Ignoring Cues for Alcohol and Fast Food is Hard -- But is it Out of Our Control?

Posted on July 9, 2019

Previous studies have proven that it is challenging for us to ignore cues associated with rewards such as drinking and consuming junk food, but it is not known whether this phenomenon is within our control. A recent study has shown that while we are able to consciously resist our temptations, we are less able to do so when we are stressed, tired or when our minds are occupied with other matters.

The study was conducted by researchers from UNSW Sydney. Participants were given tasks that required them to control their attention under conditions of high and low cognitive demands to influence their ability to control attentional resources.

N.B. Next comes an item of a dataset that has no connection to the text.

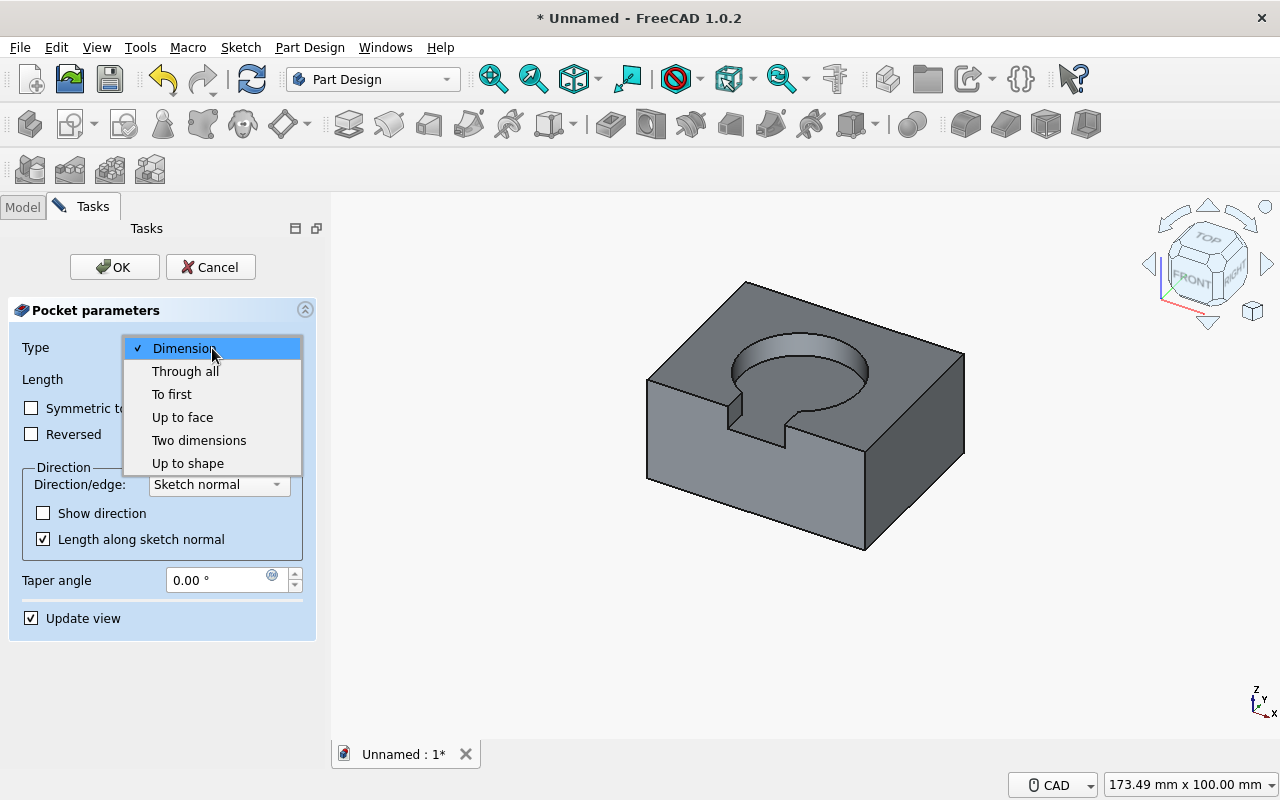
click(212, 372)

For us to fight distractions and temptations, we use our executive control, which refers to cognitive processes that enable us to concentrate, manage our thought processes and control our emotions. However, when we are required to focus on several things at once, it gets harder to ignore temptations. The study’s results indicated that to fully control the desire to seek rewards or satisfaction, we need to have completely control over our cognitive processes.

The findings also suggest reasons for why individuals tend to be less successful in changing certain habits like drinking or sticking to a diet when they are stressed. Stress and fatigue places more pressure on our executive control system, affecting our ability to deal with temptations by distracting us from stopping ourselves from giving into the urges.

Given this new information, researchers are now interested in developing methods to improve executive control. If successful, this could serve to be particularly useful for combating addictions in clinical settings.